═══ Entries supplied ═══
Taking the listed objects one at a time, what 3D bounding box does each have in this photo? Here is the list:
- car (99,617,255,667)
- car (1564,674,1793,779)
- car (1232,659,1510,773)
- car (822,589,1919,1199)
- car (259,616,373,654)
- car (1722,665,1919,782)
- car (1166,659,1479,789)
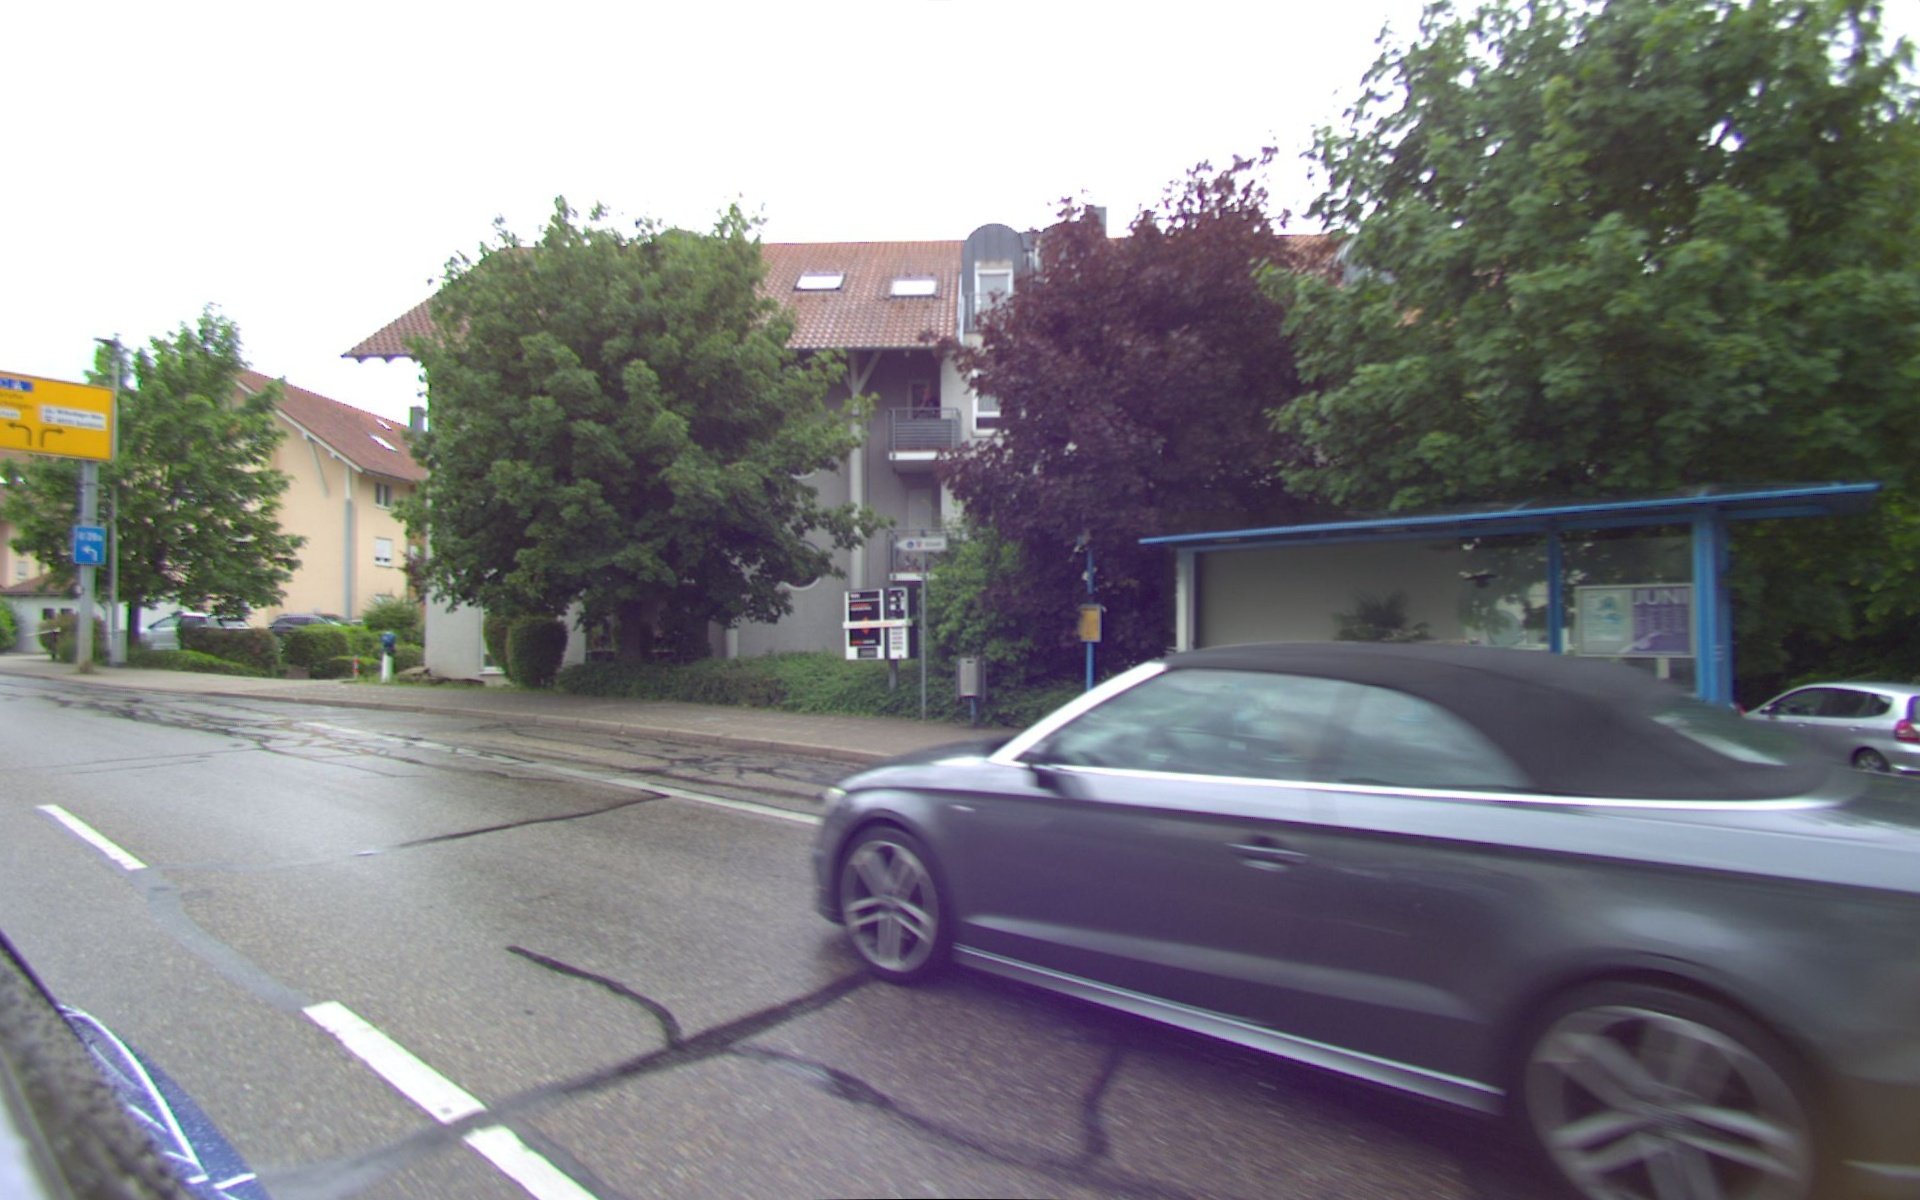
[{"bbox_3d":[-26.547,1.420,34.391,3.945,1.614,1.737,0,-2,1],"label":"car"},{"bbox_3d":[12.282,2.102,17.588,1.649,1.405,3.427,0,-1,4],"label":"car"},{"bbox_3d":[6.693,1.804,16.661,3.992,1.475,1.596,0,-1,36],"label":"car"},{"bbox_3d":[1.474,0.731,3.489,3.998,1.454,1.656,0,-2,41],"label":"car"},{"bbox_3d":[-24.505,1.322,38.572,3.392,1.392,1.515,0,-2,1],"label":"car"},{"bbox_3d":[14.309,1.858,16.014,1.647,1.443,3.716,0,-1,-1],"label":"car"},{"bbox_3d":[5.224,1.686,14.790,3.992,1.475,1.753,0,-1,36],"label":"car"}]
═══
- What to produce -
Copy the data word for word and omit every picture.

- Answer to this problem -
Taking the listed objects one at a time, what 3D bounding box does each have in this photo? Here is the list:
- car (99,617,255,667)
- car (1564,674,1793,779)
- car (1232,659,1510,773)
- car (822,589,1919,1199)
- car (259,616,373,654)
- car (1722,665,1919,782)
- car (1166,659,1479,789)
[{"bbox_3d":[-26.547,1.420,34.391,3.945,1.614,1.737,0,-2,1],"label":"car"},{"bbox_3d":[12.282,2.102,17.588,1.649,1.405,3.427,0,-1,4],"label":"car"},{"bbox_3d":[6.693,1.804,16.661,3.992,1.475,1.596,0,-1,36],"label":"car"},{"bbox_3d":[1.474,0.731,3.489,3.998,1.454,1.656,0,-2,41],"label":"car"},{"bbox_3d":[-24.505,1.322,38.572,3.392,1.392,1.515,0,-2,1],"label":"car"},{"bbox_3d":[14.309,1.858,16.014,1.647,1.443,3.716,0,-1,-1],"label":"car"},{"bbox_3d":[5.224,1.686,14.790,3.992,1.475,1.753,0,-1,36],"label":"car"}]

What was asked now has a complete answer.